*THE RECORDS:*
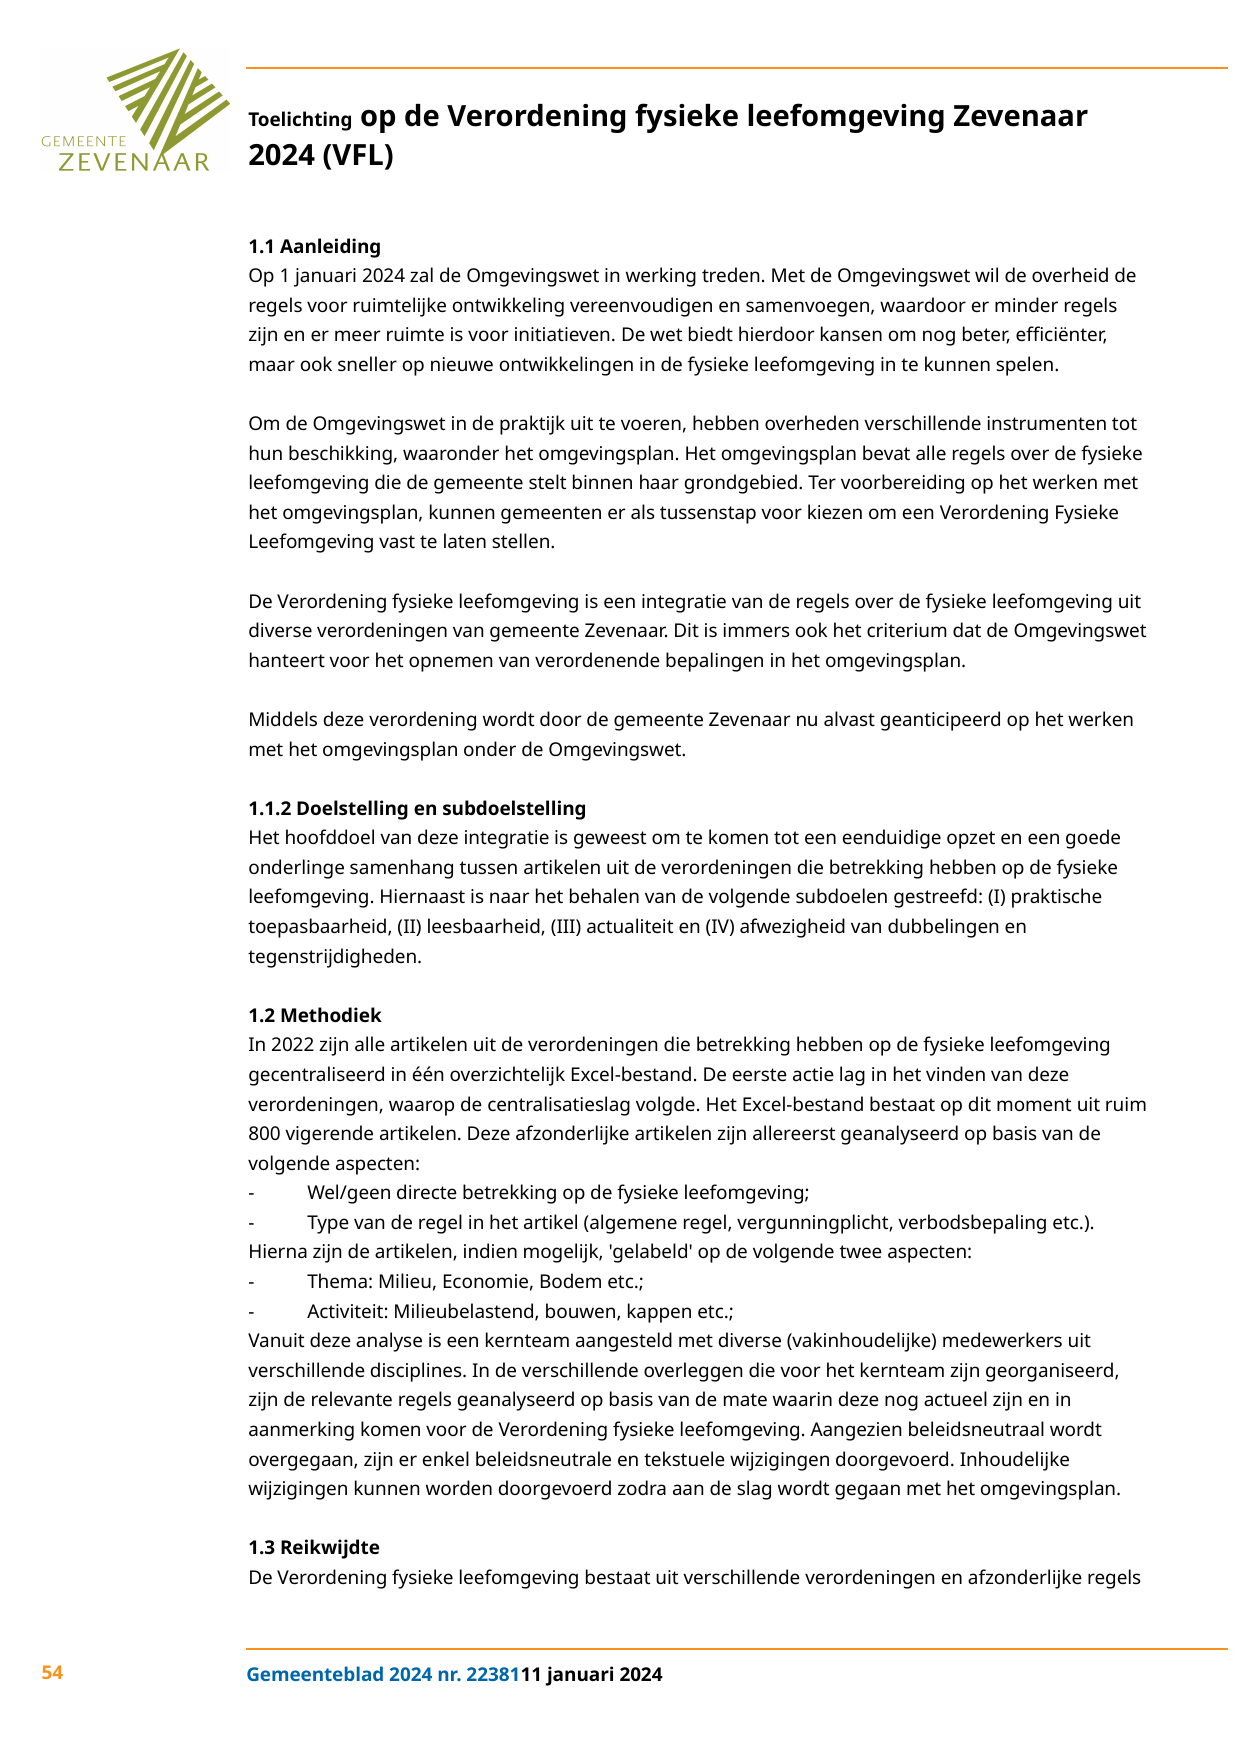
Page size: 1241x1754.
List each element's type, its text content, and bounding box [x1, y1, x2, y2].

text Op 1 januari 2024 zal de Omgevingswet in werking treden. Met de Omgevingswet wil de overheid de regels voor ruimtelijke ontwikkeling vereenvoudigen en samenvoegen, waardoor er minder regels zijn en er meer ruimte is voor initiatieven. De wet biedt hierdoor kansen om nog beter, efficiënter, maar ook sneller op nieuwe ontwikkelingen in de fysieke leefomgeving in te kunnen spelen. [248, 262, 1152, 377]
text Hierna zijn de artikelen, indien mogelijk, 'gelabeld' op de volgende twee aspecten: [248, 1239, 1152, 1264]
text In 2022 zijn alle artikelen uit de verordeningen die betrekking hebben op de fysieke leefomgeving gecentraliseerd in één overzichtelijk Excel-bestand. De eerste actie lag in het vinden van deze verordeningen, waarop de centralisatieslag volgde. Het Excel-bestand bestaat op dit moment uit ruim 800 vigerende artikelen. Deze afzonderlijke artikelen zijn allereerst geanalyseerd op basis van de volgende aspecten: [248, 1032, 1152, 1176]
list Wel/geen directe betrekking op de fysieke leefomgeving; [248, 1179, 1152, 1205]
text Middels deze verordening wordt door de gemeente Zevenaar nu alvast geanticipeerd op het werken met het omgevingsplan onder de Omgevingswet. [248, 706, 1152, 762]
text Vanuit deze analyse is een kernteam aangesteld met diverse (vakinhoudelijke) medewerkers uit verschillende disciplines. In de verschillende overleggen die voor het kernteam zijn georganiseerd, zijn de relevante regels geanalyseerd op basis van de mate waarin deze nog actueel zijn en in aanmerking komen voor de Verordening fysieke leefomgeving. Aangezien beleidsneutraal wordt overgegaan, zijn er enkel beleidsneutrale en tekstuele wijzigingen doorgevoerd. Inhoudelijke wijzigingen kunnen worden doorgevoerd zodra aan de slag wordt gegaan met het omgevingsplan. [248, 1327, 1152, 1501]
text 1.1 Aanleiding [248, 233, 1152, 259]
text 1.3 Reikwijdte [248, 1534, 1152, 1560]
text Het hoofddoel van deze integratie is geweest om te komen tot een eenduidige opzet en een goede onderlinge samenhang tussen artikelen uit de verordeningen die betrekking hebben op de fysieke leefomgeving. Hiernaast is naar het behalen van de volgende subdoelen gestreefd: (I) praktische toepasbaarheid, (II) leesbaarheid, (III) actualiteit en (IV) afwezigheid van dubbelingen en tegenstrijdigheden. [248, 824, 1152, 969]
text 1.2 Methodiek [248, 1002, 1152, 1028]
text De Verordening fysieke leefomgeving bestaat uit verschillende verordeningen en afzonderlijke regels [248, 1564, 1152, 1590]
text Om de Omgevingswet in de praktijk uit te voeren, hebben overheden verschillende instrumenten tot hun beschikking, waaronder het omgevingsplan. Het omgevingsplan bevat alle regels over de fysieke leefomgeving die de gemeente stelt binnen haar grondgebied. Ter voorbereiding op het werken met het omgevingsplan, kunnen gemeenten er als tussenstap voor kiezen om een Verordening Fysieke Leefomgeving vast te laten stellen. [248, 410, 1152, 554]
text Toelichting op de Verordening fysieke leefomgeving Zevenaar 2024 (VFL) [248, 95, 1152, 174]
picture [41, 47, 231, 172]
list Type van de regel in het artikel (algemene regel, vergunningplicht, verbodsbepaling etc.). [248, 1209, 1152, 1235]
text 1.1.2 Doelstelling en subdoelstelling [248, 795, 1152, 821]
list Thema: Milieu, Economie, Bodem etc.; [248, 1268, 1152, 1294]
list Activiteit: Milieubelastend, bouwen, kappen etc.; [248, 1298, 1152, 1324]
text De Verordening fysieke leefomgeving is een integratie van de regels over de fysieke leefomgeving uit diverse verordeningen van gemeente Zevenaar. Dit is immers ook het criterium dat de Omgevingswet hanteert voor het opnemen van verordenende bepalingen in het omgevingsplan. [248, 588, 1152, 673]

*WORK TO COMPLETE:* Restate word for word the entries above from the line with "text 1.1 Aanleiding [248, 233, 1152, 259]" through the line with "text De Verordening fysieke leefomgeving bestaat", inclusive, leaving out everything else.

*TASK RESPONSE:*
text 1.1 Aanleiding [248, 233, 1152, 259]
text 1.3 Reikwijdte [248, 1534, 1152, 1560]
text Het hoofddoel van deze integratie is geweest om te komen tot een eenduidige opzet en een goede onderlinge samenhang tussen artikelen uit de verordeningen die betrekking hebben op de fysieke leefomgeving. Hiernaast is naar het behalen van de volgende subdoelen gestreefd: (I) praktische toepasbaarheid, (II) leesbaarheid, (III) actualiteit en (IV) afwezigheid van dubbelingen en tegenstrijdigheden. [248, 824, 1152, 969]
text 1.2 Methodiek [248, 1002, 1152, 1028]
text De Verordening fysieke leefomgeving bestaat uit verschillende verordeningen en afzonderlijke regels [248, 1564, 1152, 1590]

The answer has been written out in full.